PDF Ebook Advances in Dynamic Optimal Taxation
This paper is about a now classic question in macroeconomics and public finance. A government needs to finance an exogenously given stochastic process of purchases. How do the optimal taxes behave over dates and states? There is a large literature on this question that uses what I will term the Ramsey approach. Under this approach, the government is restricted to use linear taxes on current variables like capital and labor income. The government’s main goal is then to minimize the social distortions associated with linearity.
The main weakness in the Ramsey approach is obvious: there is no explicit motivation for the restrictions that drive the analysis. Why should the government be restricted to using linear taxes? Virtually all real-world labor income tax codes display nontrivial amounts of non linearity. Why should the government be restricted to using functions of current variables? At least in the United States, federal taxes depend in complicated ways on the full history of assetholdings (through the use of basis calculations) and federal (social security) transfers depend in complicated ways on the history of labor incomes.
This weakness in the Ramsey approach has led to a new literature about the optimal taxation question. Under the new approach, instead of specifying an arbitrary set of tax instruments, the investigator first specifies the informational and/or enforcement frictions that limit the government’s ability to extract revenue. Then, the investigator designs a tax system that implements a constrained Pareto optimal allocation given these rictions..
A key step in using this approach is knowing what frictions constrain the government. At least so far, the new literature is basically a dynamic extension of Mirrlees (1971)’s basic framework, which centers on two key insights. The first is that a - if not the - major risk in life is skill risk. Some people are born with the ability to produce large amounts of output with relatively little effort. Others are not. Over time, some people lose their ability to generate output (because of back pain or mental illness). Others do not.

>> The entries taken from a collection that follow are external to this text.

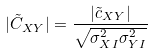Convert formula to latex. <formula><loc_0><loc_0><loc_500><loc_500>| \tilde { C } _ { X Y } | = \frac { | \tilde { c } _ { X Y } | } { \sqrt { \sigma ^ { 2 } _ { X I } \sigma ^ { 2 } _ { Y I } } }</formula> 
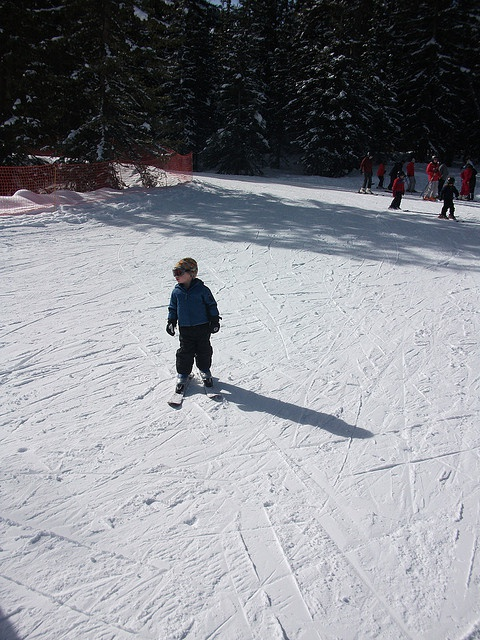Describe the objects in this image and their specific colors. I can see people in black, lightgray, navy, and gray tones, skis in black, gray, and lightgray tones, people in black, gray, lightgray, and darkgray tones, people in black, gray, darkblue, and darkgray tones, and people in black, maroon, and gray tones in this image. 
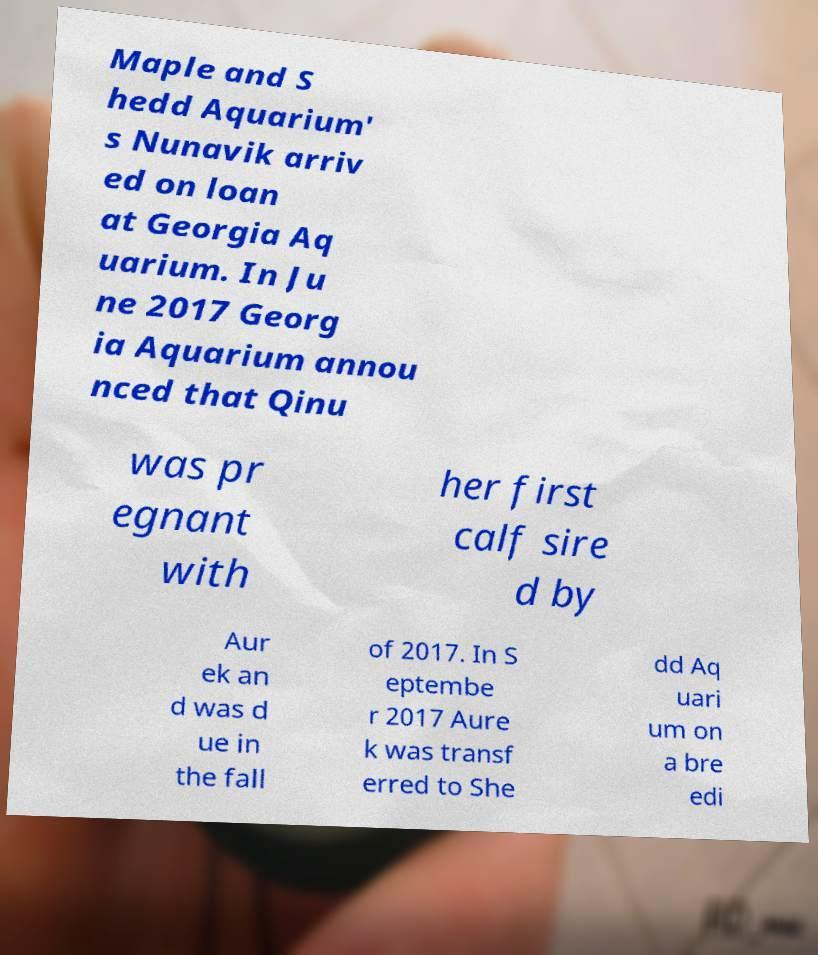There's text embedded in this image that I need extracted. Can you transcribe it verbatim? Maple and S hedd Aquarium' s Nunavik arriv ed on loan at Georgia Aq uarium. In Ju ne 2017 Georg ia Aquarium annou nced that Qinu was pr egnant with her first calf sire d by Aur ek an d was d ue in the fall of 2017. In S eptembe r 2017 Aure k was transf erred to She dd Aq uari um on a bre edi 
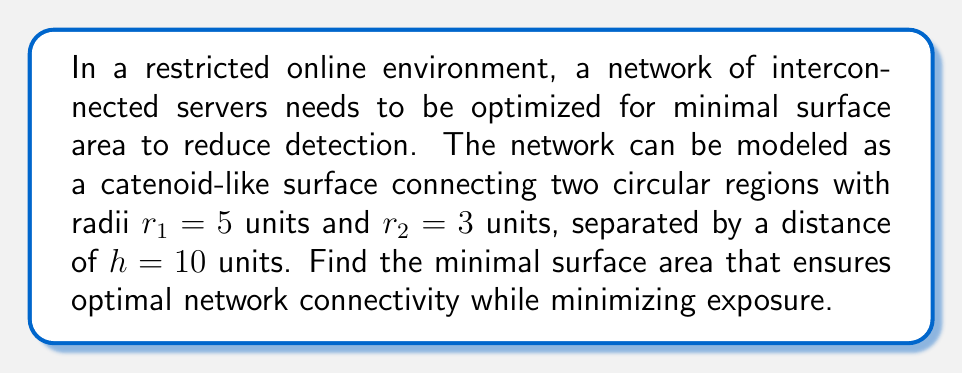Can you answer this question? To solve this problem, we'll use the principles of differential geometry and minimal surfaces:

1) The surface of revolution that minimizes the area between two circular regions is a catenoid.

2) The parameterization of a catenoid is given by:
   $$x(u,v) = a \cosh(\frac{v}{a}) \cos(u)$$
   $$y(u,v) = a \cosh(\frac{v}{a}) \sin(u)$$
   $$z(v) = v$$
   where $a$ is the scaling factor.

3) To find $a$, we need to solve:
   $$r_1 = a \cosh(\frac{h}{2a})$$
   $$r_2 = a \cosh(-\frac{h}{2a})$$

4) Since $\cosh$ is an even function, we can simplify to:
   $$\frac{r_1 + r_2}{2} = a \cosh(\frac{h}{2a})$$

5) Substituting our values:
   $$4 = a \cosh(\frac{5}{a})$$

6) This transcendental equation can be solved numerically, giving $a \approx 2.3858$.

7) The surface area of a catenoid is given by:
   $$A = 2\pi a^2 [\sinh(\frac{h}{2a}) \cosh(\frac{h}{2a}) - \frac{h}{2a}]$$

8) Substituting our values:
   $$A = 2\pi (2.3858)^2 [\sinh(\frac{5}{2.3858}) \cosh(\frac{5}{2.3858}) - \frac{5}{2.3858}]$$

9) Calculating this gives us the minimal surface area.

[asy]
import graph3;
size(200);
currentprojection=perspective(6,3,2);
real a = 2.3858;
real f(real x) {return a*cosh(x/a);}
revolution r=revolution(graph(f,-5,5,operator ..),axis=Z);
draw(r,material(paleblue+opacity(.5)));
draw(circle((0,0,-5),5));
draw(circle((0,0,5),3));
[/asy]
Answer: $A \approx 185.4$ square units 
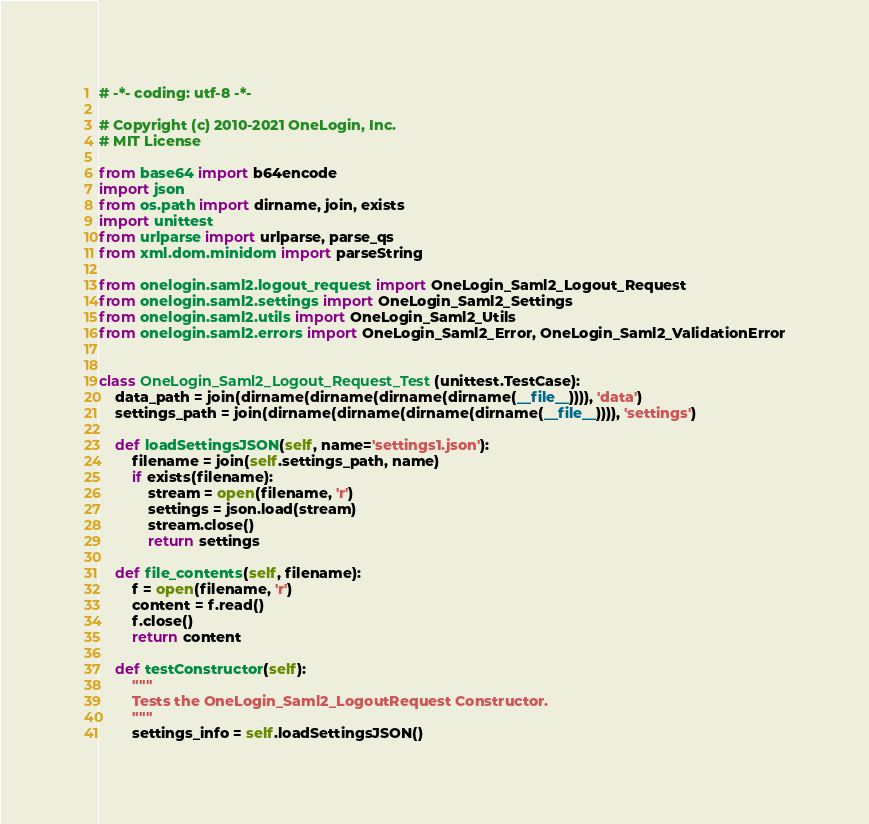Convert code to text. <code><loc_0><loc_0><loc_500><loc_500><_Python_># -*- coding: utf-8 -*-

# Copyright (c) 2010-2021 OneLogin, Inc.
# MIT License

from base64 import b64encode
import json
from os.path import dirname, join, exists
import unittest
from urlparse import urlparse, parse_qs
from xml.dom.minidom import parseString

from onelogin.saml2.logout_request import OneLogin_Saml2_Logout_Request
from onelogin.saml2.settings import OneLogin_Saml2_Settings
from onelogin.saml2.utils import OneLogin_Saml2_Utils
from onelogin.saml2.errors import OneLogin_Saml2_Error, OneLogin_Saml2_ValidationError


class OneLogin_Saml2_Logout_Request_Test(unittest.TestCase):
    data_path = join(dirname(dirname(dirname(dirname(__file__)))), 'data')
    settings_path = join(dirname(dirname(dirname(dirname(__file__)))), 'settings')

    def loadSettingsJSON(self, name='settings1.json'):
        filename = join(self.settings_path, name)
        if exists(filename):
            stream = open(filename, 'r')
            settings = json.load(stream)
            stream.close()
            return settings

    def file_contents(self, filename):
        f = open(filename, 'r')
        content = f.read()
        f.close()
        return content

    def testConstructor(self):
        """
        Tests the OneLogin_Saml2_LogoutRequest Constructor.
        """
        settings_info = self.loadSettingsJSON()</code>

It is straightforward to design a tax system that fully insures people against skill shocks: tax everyone at 100% and split the proceeds evenly across people, regardless of what they produced. Such a tax system works well, as long as skills and effort are fully observable. With this kind of information in hand, the government can simply order the highly-skilled people to work hard.
Mirrlees’ second insight explains why this kind of system will not work well: skills and effort are often private information. In terms of the natal risks that Mirrlees himself stresses, people with high I.Q.’s can readily mimic people with low I.Q.’s. In terms of post-natal skill risks, it is easy to fake back pain or mental illness - there are few non-manipulable physical signs of these ailments.

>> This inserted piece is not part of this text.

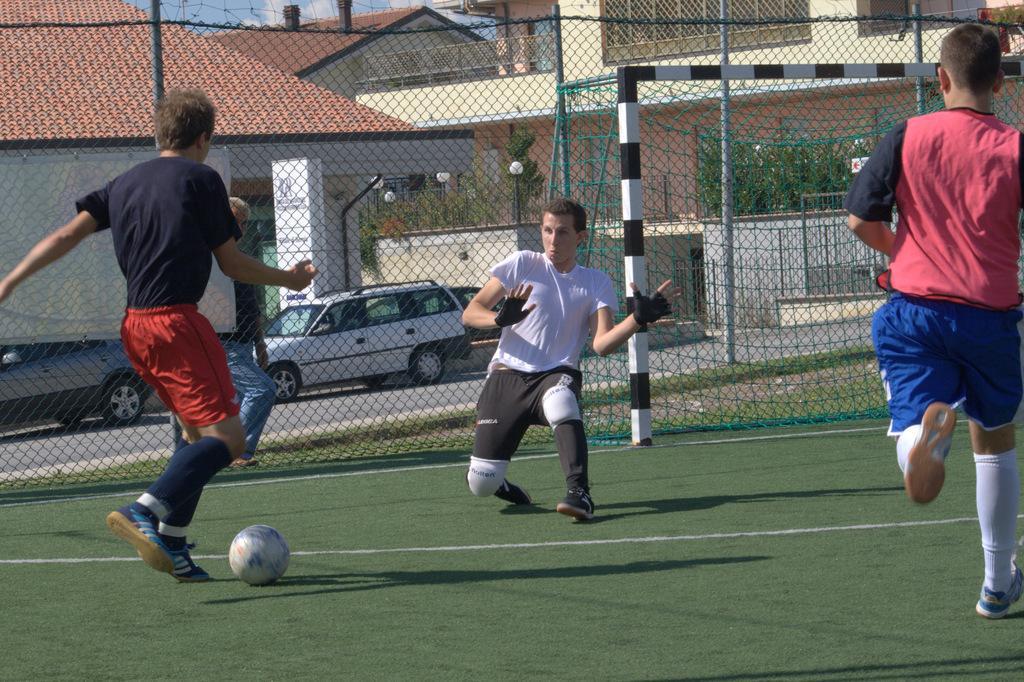How would you summarize this image in a sentence or two? This picture shows three players playing football and we see a metal fence and few houses on the back and couple of parked cars on the road. 
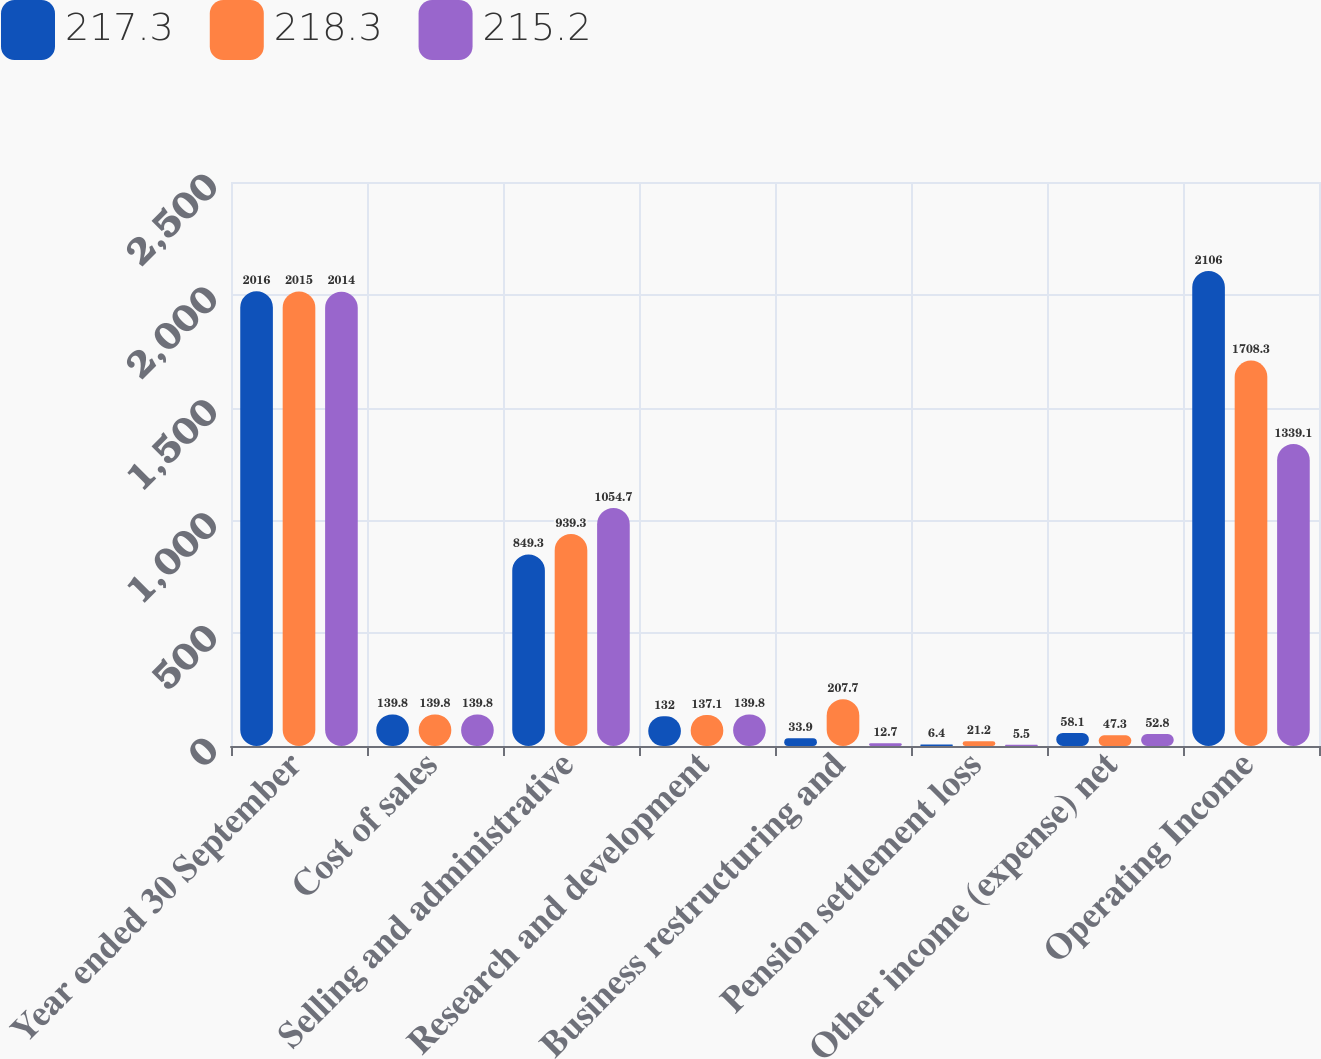Convert chart. <chart><loc_0><loc_0><loc_500><loc_500><stacked_bar_chart><ecel><fcel>Year ended 30 September<fcel>Cost of sales<fcel>Selling and administrative<fcel>Research and development<fcel>Business restructuring and<fcel>Pension settlement loss<fcel>Other income (expense) net<fcel>Operating Income<nl><fcel>217.3<fcel>2016<fcel>139.8<fcel>849.3<fcel>132<fcel>33.9<fcel>6.4<fcel>58.1<fcel>2106<nl><fcel>218.3<fcel>2015<fcel>139.8<fcel>939.3<fcel>137.1<fcel>207.7<fcel>21.2<fcel>47.3<fcel>1708.3<nl><fcel>215.2<fcel>2014<fcel>139.8<fcel>1054.7<fcel>139.8<fcel>12.7<fcel>5.5<fcel>52.8<fcel>1339.1<nl></chart>

The equal-split tax scheme by the government can still be used if skills and effort are private information. However, it is no longer desirable. If people are being taxed at 100%, all of the high-skilled people will work as if they are low-skilled. Because it can no longer directly command the high-skilled to work, the government now has to use the tax system to achieve two conflicting goals. As before, the tax system must insure people against skill shocks. But it must also provide incentives to motivate the skilled to produce more income than the low-skilled.

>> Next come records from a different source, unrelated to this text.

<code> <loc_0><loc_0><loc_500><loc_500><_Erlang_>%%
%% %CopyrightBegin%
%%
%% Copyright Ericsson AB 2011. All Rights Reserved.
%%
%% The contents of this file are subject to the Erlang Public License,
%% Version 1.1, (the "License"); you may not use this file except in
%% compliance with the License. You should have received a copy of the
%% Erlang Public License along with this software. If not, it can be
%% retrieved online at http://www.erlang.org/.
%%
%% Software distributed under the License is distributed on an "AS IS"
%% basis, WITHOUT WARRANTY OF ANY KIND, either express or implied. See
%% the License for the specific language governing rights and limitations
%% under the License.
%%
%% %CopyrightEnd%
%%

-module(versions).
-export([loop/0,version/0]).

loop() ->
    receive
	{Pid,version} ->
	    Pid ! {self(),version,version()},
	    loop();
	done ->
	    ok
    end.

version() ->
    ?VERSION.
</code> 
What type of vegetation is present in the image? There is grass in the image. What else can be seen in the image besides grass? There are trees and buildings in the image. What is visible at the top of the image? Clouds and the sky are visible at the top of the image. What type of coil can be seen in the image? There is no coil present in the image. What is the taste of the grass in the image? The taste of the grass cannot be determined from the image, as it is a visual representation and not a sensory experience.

It is important to emphasize that the economic forces in this new Mirrlees literature are fundamentally different from the forces in the old Ramsey literature. Under the Ramsey approach, the government is banned from using lump-sum taxes. Its objective is to minimize the social costs associated with using linear taxes. Under the Mirrlees approach, the government is allowed to use lump-sum taxes, but chooses not to. Its objective is to find the optimal trade-off between incentives and insurance.